Thanks again for your answers folks.
And now... the drinks :
Cheers


----------



## kirispupis (Mar 20, 2012)

The MP-E 65 is a very fun lens. For the record I started in macro with a Sigma 80-400 + Canon 500D diopter. I then moved straight to the MP-E 65 + MT-24EX. I then foolishly thought I could buy "everything I ever needed for macro" in one swoop by putting in a rather large order for the 100L, Gitzo 2541EX, TS-E 90, RRS macro rails, and 300/4 IS.

Since then I have spent far more money setting up a drop photography system, focus stacking with the Stackshot, and attaching microscope objectives to my camera.

You may find this blog I wrote several years ago on the MP-E 65 interesting - http://calevphoto.com/2008/10/22/zen-and-the-art-of-the-mp-e-65/


----------



## Marsu42 (Mar 20, 2012)

kirispupis said:


> Here's a shot from my MP-E 65 for comparison. This is the only one of the four shots where I used flash.

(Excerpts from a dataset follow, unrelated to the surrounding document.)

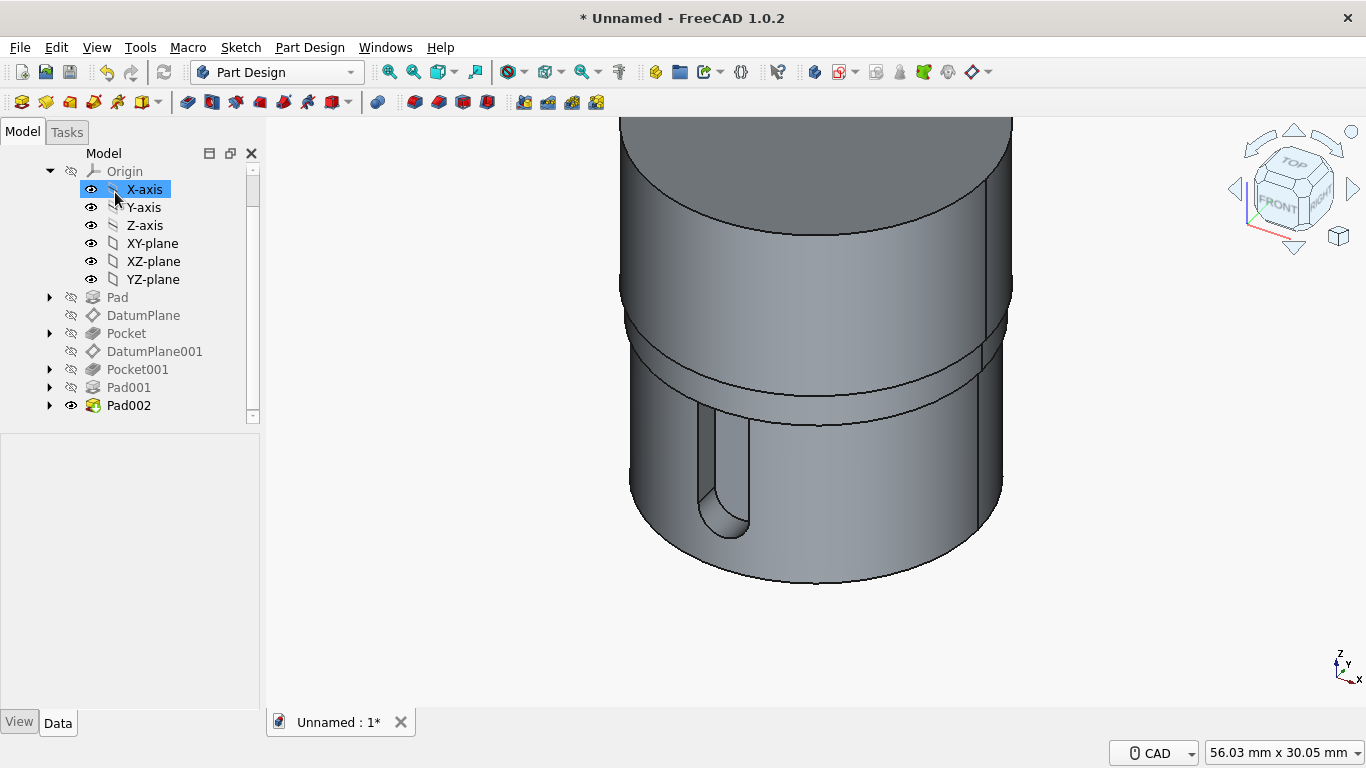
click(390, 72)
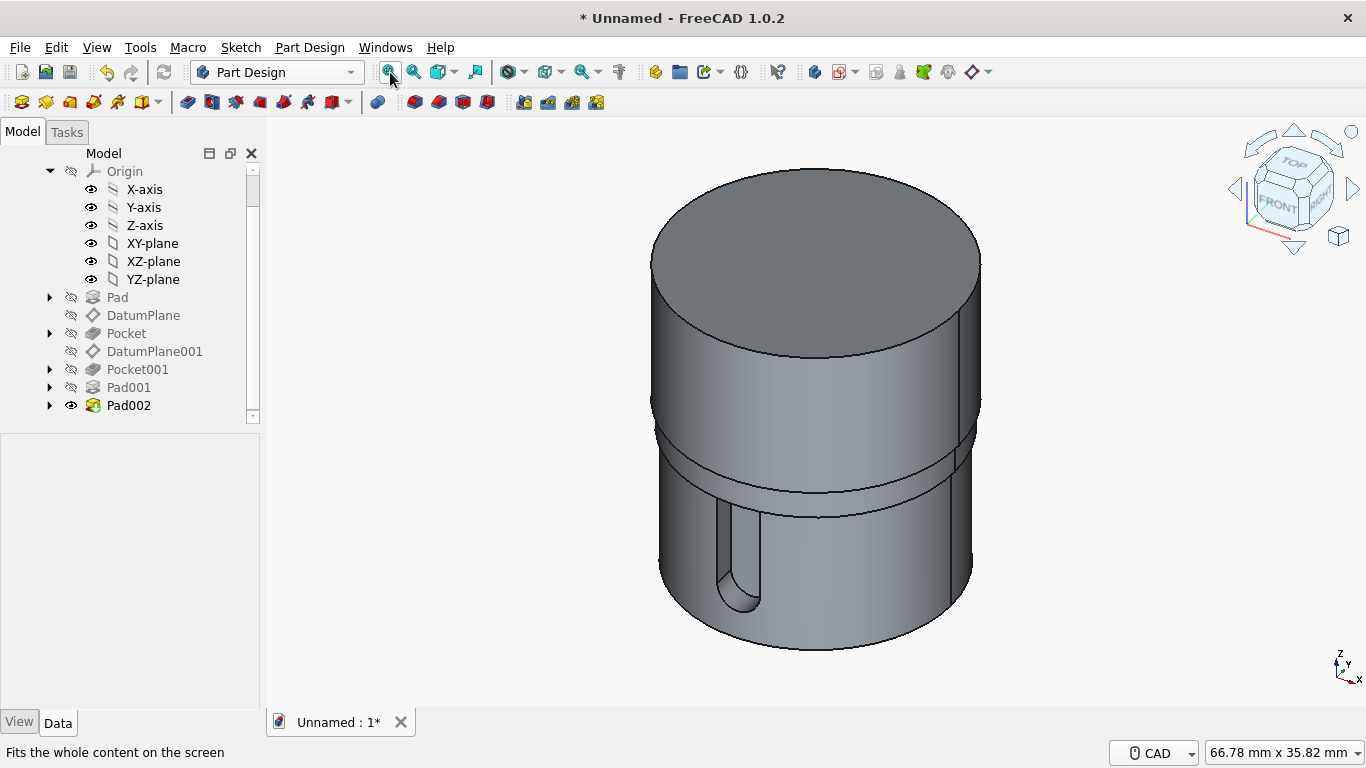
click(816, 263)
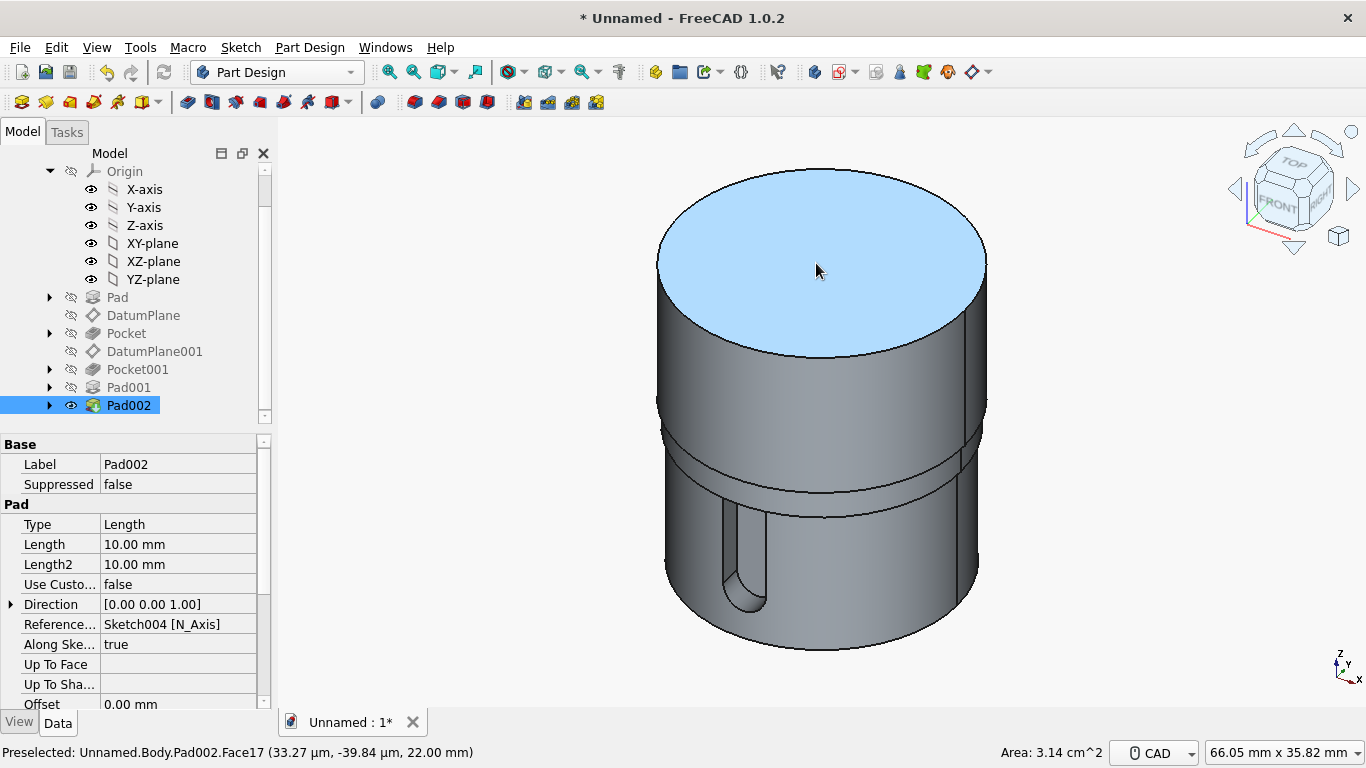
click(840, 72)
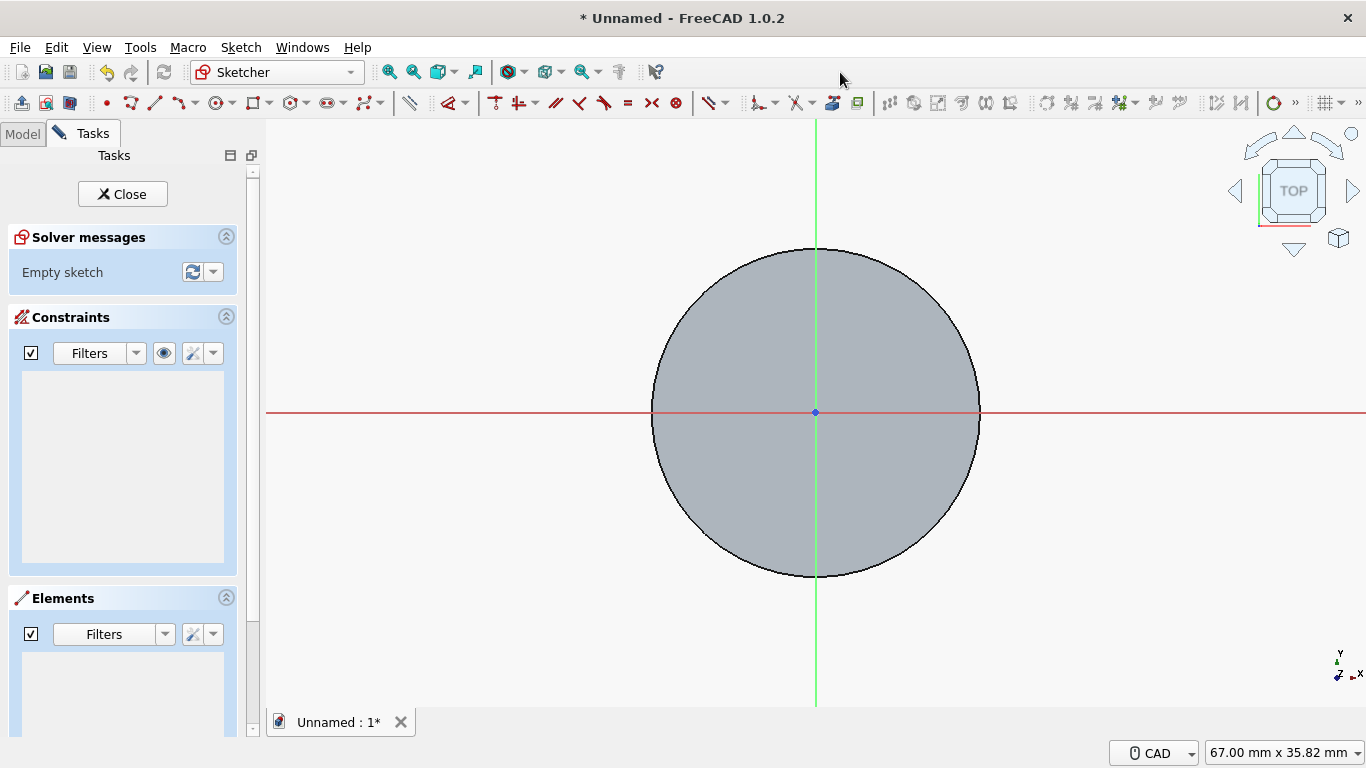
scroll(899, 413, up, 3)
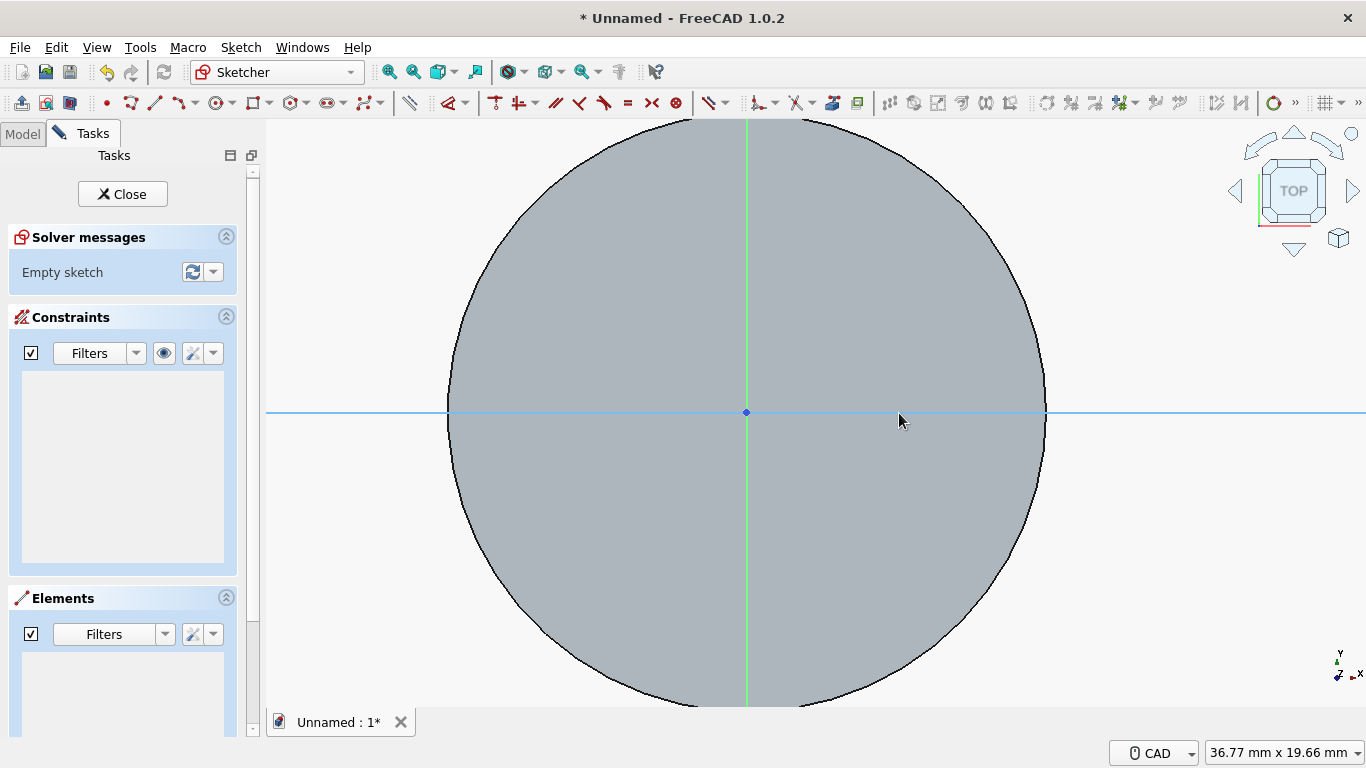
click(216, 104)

Excellent picture. Don't you think one can get these shots out of a 100mm macro, too? Looking at the largest image from flickr, I think concerning the resolution/magnification it should be comparable at least on crop.

My problem with these outdoors is just that insects tend to fly away, so I usually hardly have the time to adjust the tripod (which is needed for 1/200s @f11, or you get 1 good shot out of every 20 or so) let alone optimize the flashes. I'm always wondering if the best shots of insect sitting somewhere are taken from dead animals that cannot move... not necessarily in your case, but as a pro it would be tempting if you drop moral concerns.


----------



## mirekti (Oct 18, 2012)

Does anybody have a sample of 70-200 II + 2x III + 500D?

What does it mean when people say you lose focus to infinity? Does it just mean that you point to something that would usually stop the focus ring at infinity mark, but because you lost focus to infinity it wont stop?


----------



## Dianoda (Oct 18, 2012)

mirekti said:


> Does anybody have a sample of 70-200 II + 2x III + 500D?
> 
> What does it mean when people say you lose focus to infinity? Does it just mean that you point to something that would usually stop the focus ring at infinity mark, but because you lost focus to infinity it wont stop?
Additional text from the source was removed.